Regulatory Compliance and Transparency
The company has filed the necessary information under Regulation 30 and Regulation 30A of the SEBI (Listing Obligations and Disclosure Requirements) Regulations, 2015, and the circular SEBI/HO/CFD/PoD2/CIR/P/0155 dated 11 November 2024. These disclosures ensure transparency in transactions that may affect the interests of public shareholders.
Importantly, the company itself is not a party to this agreement. Instead, the SPA has been entered into between the selling promoter shareholders and the acquirers, independent of any operational change from the company’s end.
No Related Party Deal
The company confirmed that the acquirers are not related to any existing promoters, group companies, or affiliates. Hence, this deal does not qualify as a related party transaction, and there is no conflict of interest cited in the SPA. Also, there is no impact on the existing liabilities of the company, nor are there restrictions or penalties arising from this agreement.

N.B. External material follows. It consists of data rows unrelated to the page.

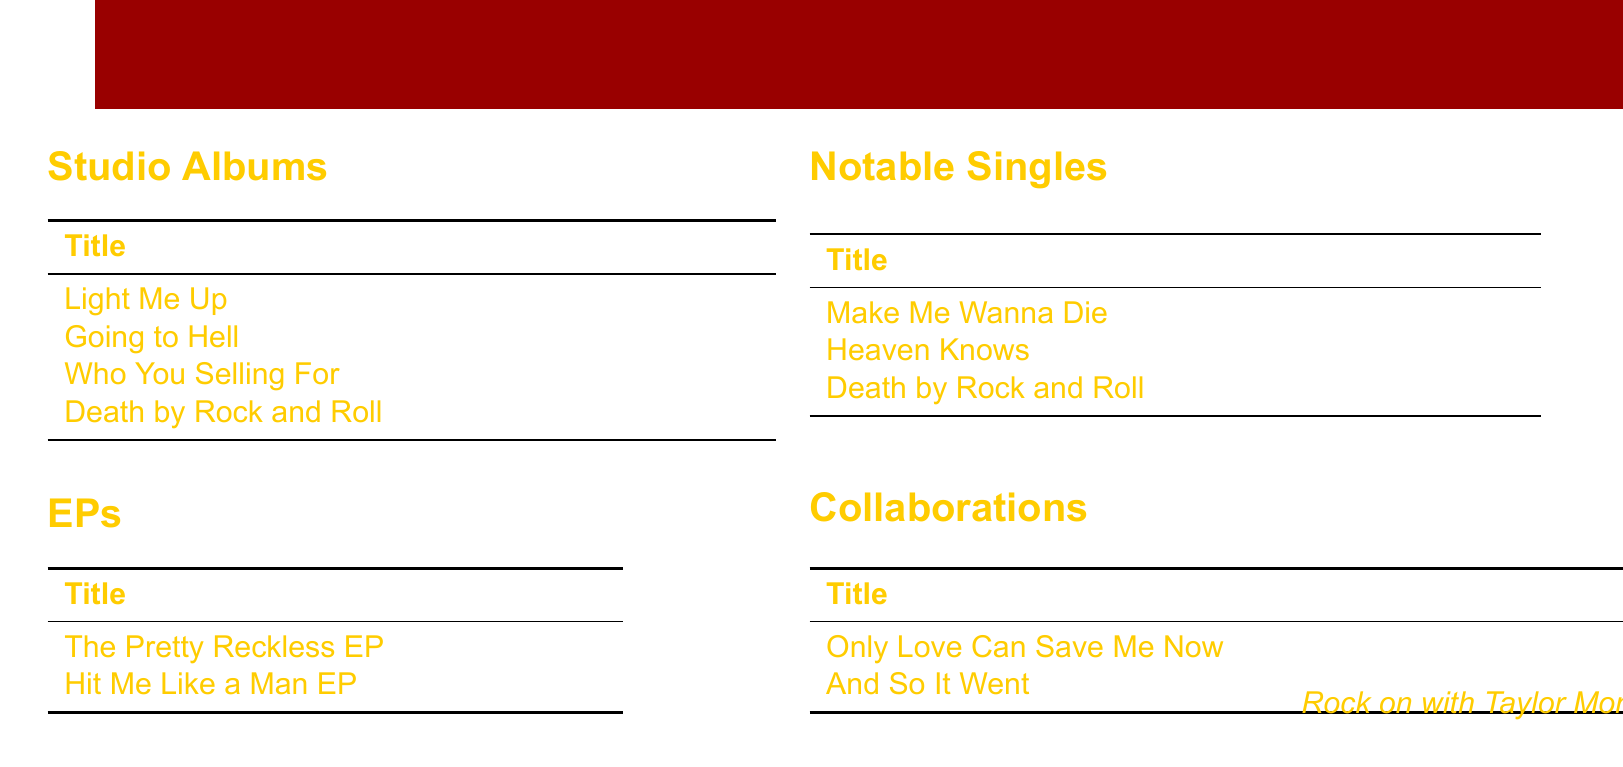What is the title of The Pretty Reckless' debut album? The title of their debut album can be found in the studio albums section, where it lists "Light Me Up" as the first entry.
Answer: Light Me Up When was the album "Going to Hell" released? The release date for "Going to Hell" is specified in the studio albums section next to its title.
Answer: Mar 18, 2014 What is the US peak position of the album "Who You Selling For"? The US peak position can be found in the studio albums section next to the album title "Who You Selling For".
Answer: 13 Which single by The Pretty Reckless reached number 1 on the US Rock chart first? The singles section lists "Make Me Wanna Die" as the first single that achieved the number 1 position on the US Rock chart.
Answer: Make Me Wanna Die Name a featured artist in the collaboration titled "Only Love Can Save Me Now". The featured artists for "Only Love Can Save Me Now" are listed next to the title in the collaborations section.
Answer: Matt Cameron & Kim Thayil What is the total number of studio albums listed in the document? The number of studio albums is indicated by counting the entries in the studio albums section.
Answer: 4 Which EP was released on June 22, 2010? The release date for the EP can be found in the EPs section next to its title.
Answer: The Pretty Reckless EP What is the title of the last studio album mentioned in the document? The last studio album is the final entry in the studio albums section.
Answer: Death by Rock and Roll How many notable singles are listed in the document? The total number of notable singles can be found by counting the entries in the singles section.
Answer: 3

There are no additional clauses involving board nominations, rescissions, amendments, or other obligations that affect company operations directly, based on current disclosure.
Strategic Outlook
The acquisition could potentially usher in a new growth phase for Lake Shore Realty, with fresh capital, new strategic direction, and management expertise from AI Maha and Indigo Infracon. While the exact business plan or strategic intent of the acquirers has not been made public, such a large stake suggests a strong commitment to the future of the company.
The public shareholders should closely watch the developments around the open offer, as it will determine the price and timing of any exit opportunity, should they wish to tender their shares.
Conclusion
This deal marks a significant milestone for Lake Shore Realty Limited. It not only brings about a change in ownership and control, but also reflects the increasing interest of investment funds and private equity in Indian real estate and infrastructure sectors. The completion of this transaction and subsequent open offer process will be keenly observed by investors, regulators, and market analysts alike.